Soldato
- Joined
- 7 Jul 2003
- Posts
- 3,275
- Location
- Westergate
I got a 17mb connection and being playing Deux Ex with no issue, very impressed tbh.
Its laggy and fuzzy at 8mb, good for demoing the first 30 mins of a game and for a £1 it would be worth picking up a newer release.
If that actually were true then the keys would likely be rescinded in the near future anyhow, potentially disabling your steam account.
I honestly hope that OnLive dies a quick death. It's a step backward in terms of graphics and latency. Relying on an external service entirely just doesn't make sense.
Also, if this takes off, prepare for ISPs to massively increase their pricing.

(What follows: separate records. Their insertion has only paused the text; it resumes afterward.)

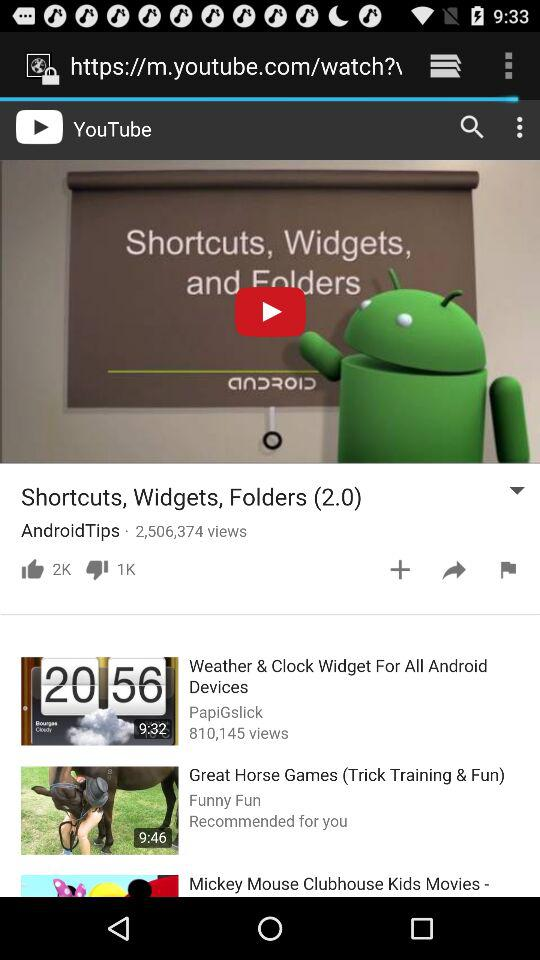How many views are on the current video? There are 2,506,374 views. 
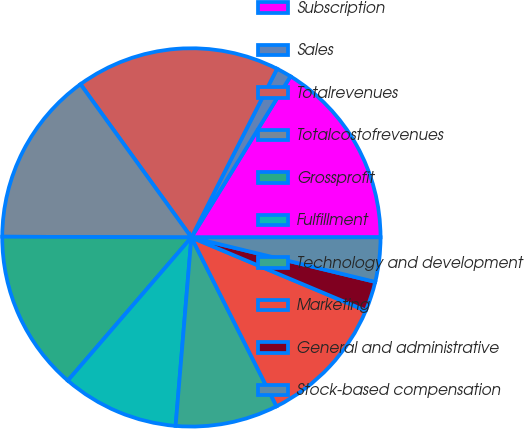Convert chart to OTSL. <chart><loc_0><loc_0><loc_500><loc_500><pie_chart><fcel>Subscription<fcel>Sales<fcel>Totalrevenues<fcel>Totalcostofrevenues<fcel>Grossprofit<fcel>Fulfillment<fcel>Technology and development<fcel>Marketing<fcel>General and administrative<fcel>Stock-based compensation<nl><fcel>16.21%<fcel>1.3%<fcel>17.45%<fcel>14.97%<fcel>13.73%<fcel>10.0%<fcel>8.76%<fcel>11.24%<fcel>2.55%<fcel>3.79%<nl></chart> 
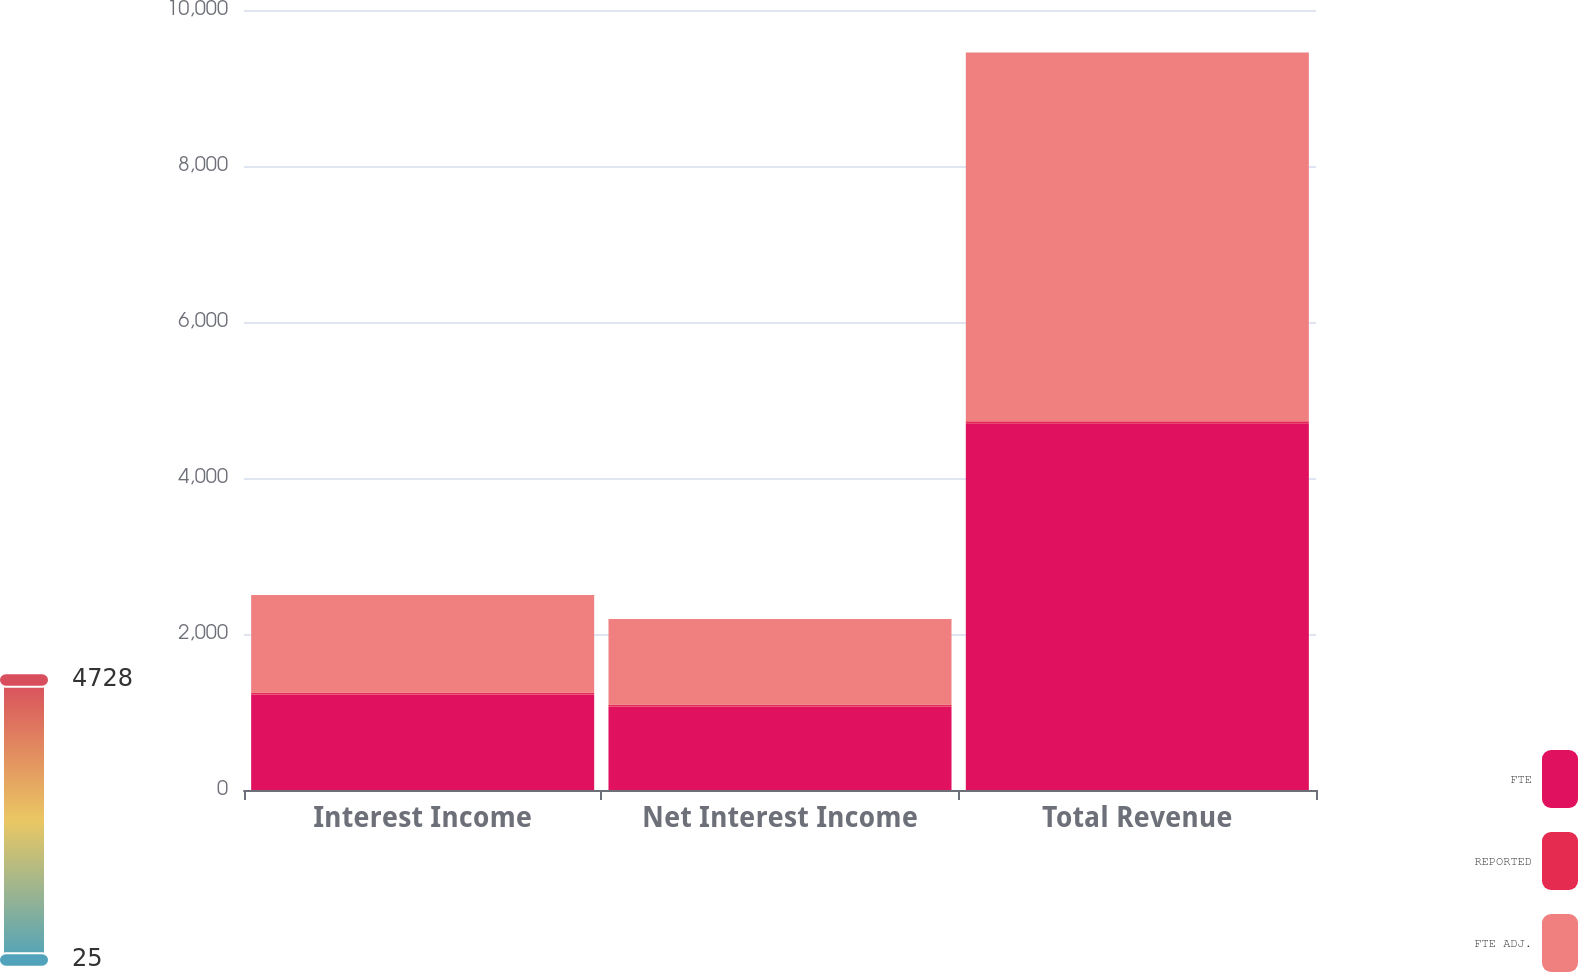<chart> <loc_0><loc_0><loc_500><loc_500><stacked_bar_chart><ecel><fcel>Interest Income<fcel>Net Interest Income<fcel>Total Revenue<nl><fcel>FTE<fcel>1224<fcel>1070.1<fcel>4702.6<nl><fcel>REPORTED<fcel>25.3<fcel>25.3<fcel>25.3<nl><fcel>FTE ADJ.<fcel>1249.3<fcel>1095.4<fcel>4727.9<nl></chart> 
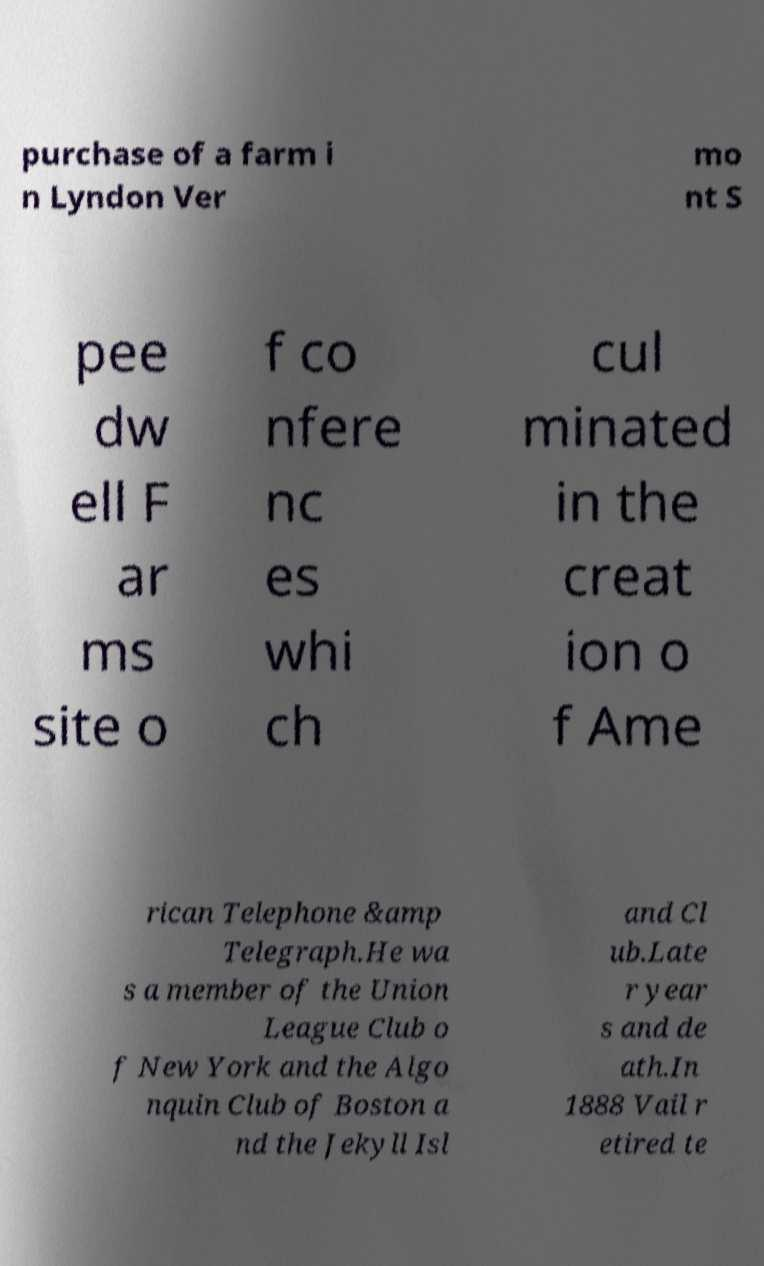Could you extract and type out the text from this image? purchase of a farm i n Lyndon Ver mo nt S pee dw ell F ar ms site o f co nfere nc es whi ch cul minated in the creat ion o f Ame rican Telephone &amp Telegraph.He wa s a member of the Union League Club o f New York and the Algo nquin Club of Boston a nd the Jekyll Isl and Cl ub.Late r year s and de ath.In 1888 Vail r etired te

It's the same on my work JANET connection (100mbit up/down with LAN-like pings to most UK places).
I just tried Metro2033 and it was awful. Super low quality graphics and laggy controls. Maybe if you've got a very low end PC you might not notice the graphics but the controls are awful for FPS.
For casual and low quality gaming then fine but none of that is for me on the PC, I have the consoles for that.

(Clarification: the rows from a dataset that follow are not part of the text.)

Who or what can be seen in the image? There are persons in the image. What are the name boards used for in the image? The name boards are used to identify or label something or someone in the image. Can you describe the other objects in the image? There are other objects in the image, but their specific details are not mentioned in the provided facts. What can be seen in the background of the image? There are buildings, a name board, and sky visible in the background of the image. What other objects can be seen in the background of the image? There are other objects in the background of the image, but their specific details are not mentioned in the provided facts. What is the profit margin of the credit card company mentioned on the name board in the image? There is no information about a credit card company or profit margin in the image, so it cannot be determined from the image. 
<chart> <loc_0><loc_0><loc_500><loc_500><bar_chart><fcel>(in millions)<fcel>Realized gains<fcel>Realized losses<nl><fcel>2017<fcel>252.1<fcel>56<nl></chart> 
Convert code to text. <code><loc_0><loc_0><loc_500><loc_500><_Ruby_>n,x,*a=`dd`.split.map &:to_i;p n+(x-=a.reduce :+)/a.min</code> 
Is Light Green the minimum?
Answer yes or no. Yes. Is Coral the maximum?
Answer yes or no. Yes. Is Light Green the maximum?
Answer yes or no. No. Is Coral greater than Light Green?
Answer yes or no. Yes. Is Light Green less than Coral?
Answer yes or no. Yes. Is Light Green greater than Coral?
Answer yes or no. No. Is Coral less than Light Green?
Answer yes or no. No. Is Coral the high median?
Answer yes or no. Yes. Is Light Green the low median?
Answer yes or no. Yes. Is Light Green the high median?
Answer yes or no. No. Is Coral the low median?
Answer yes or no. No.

I would only look at console ports that I could play with a pad or casual games at the moment. Space Marine was alright no where near as good as it would be from HDD the other games I'd look at would be Red Faction: armageddon and Asscreed Brotherhood, for a pound they might be good enough quality wise.

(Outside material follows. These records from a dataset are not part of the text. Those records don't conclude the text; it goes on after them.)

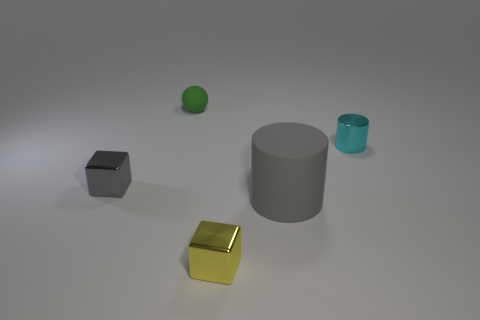There is a big thing; is its color the same as the cube that is behind the large cylinder?
Offer a terse response. Yes. How many tiny metal objects have the same color as the large cylinder?
Provide a short and direct response. 1. What number of other cyan cylinders have the same size as the rubber cylinder?
Your answer should be very brief. 0. What number of gray things have the same shape as the small cyan shiny thing?
Offer a very short reply. 1. Is the number of small cyan shiny objects that are left of the big cylinder the same as the number of large blue metal cylinders?
Offer a very short reply. Yes. Is there any other thing that is the same size as the gray rubber thing?
Ensure brevity in your answer.  No. There is a rubber thing that is the same size as the gray shiny block; what is its shape?
Keep it short and to the point. Sphere. Is there a gray object that has the same shape as the small yellow metallic object?
Make the answer very short. Yes. There is a small thing that is on the left side of the matte thing that is behind the big matte cylinder; are there any shiny cubes that are in front of it?
Ensure brevity in your answer.  Yes. Are there more cylinders in front of the small gray metal block than large gray cylinders that are left of the tiny yellow object?
Your response must be concise. Yes. 
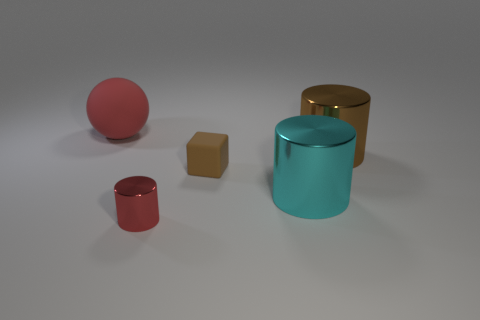Add 2 large brown objects. How many objects exist? 7 Subtract all big cylinders. How many cylinders are left? 1 Subtract all yellow cylinders. Subtract all cyan cubes. How many cylinders are left? 3 Subtract all cylinders. How many objects are left? 2 Add 1 matte balls. How many matte balls exist? 2 Subtract 0 cyan spheres. How many objects are left? 5 Subtract all tiny brown things. Subtract all big things. How many objects are left? 1 Add 4 tiny red things. How many tiny red things are left? 5 
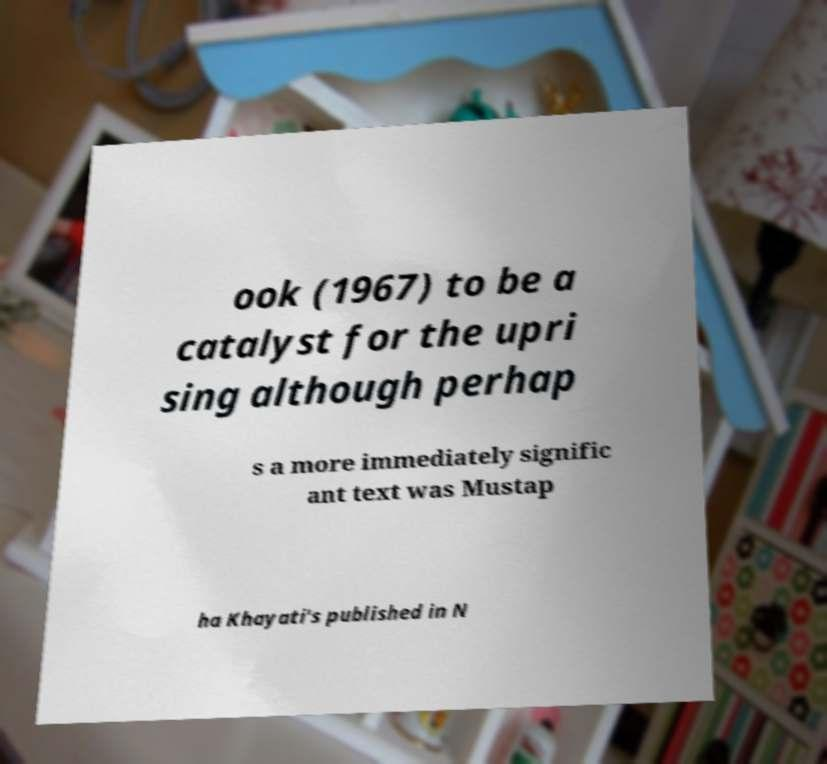Please read and relay the text visible in this image. What does it say? ook (1967) to be a catalyst for the upri sing although perhap s a more immediately signific ant text was Mustap ha Khayati's published in N

Am I right in thinking that if my pc is connected to my TV, I dont miss anything by not having the OnLive box?
Luddite tbh.
I think in concept it will revolutionise gaming, for the better. The traditional way we play PC games is here to stay, so I have no worries about that. It makes perfect sense... like someone said before, imagine playing crysis on any mobile device with a decent connection. It makes it so much more accessible for the mass market.. no more fancy hardware/complications.
Having said that I've still not tried it yetwould it work on a 12mb down, 0.35mb up connection?
I think that's kind of the whole point
This isn't aimed at PC power users, it's at the console crowd who just want to plug something into the telly and play games. You can bet there's a dirt cheap or even free set top box on the way that'll include a month's access and a few free games to get people hooked.
And unlike a new console, it's got a bajillion top games already waiting to be played.
There are others that think they are offering a great product without the slightest consideration to the real world implications on the services it relies upon and how it will perform for most consumers.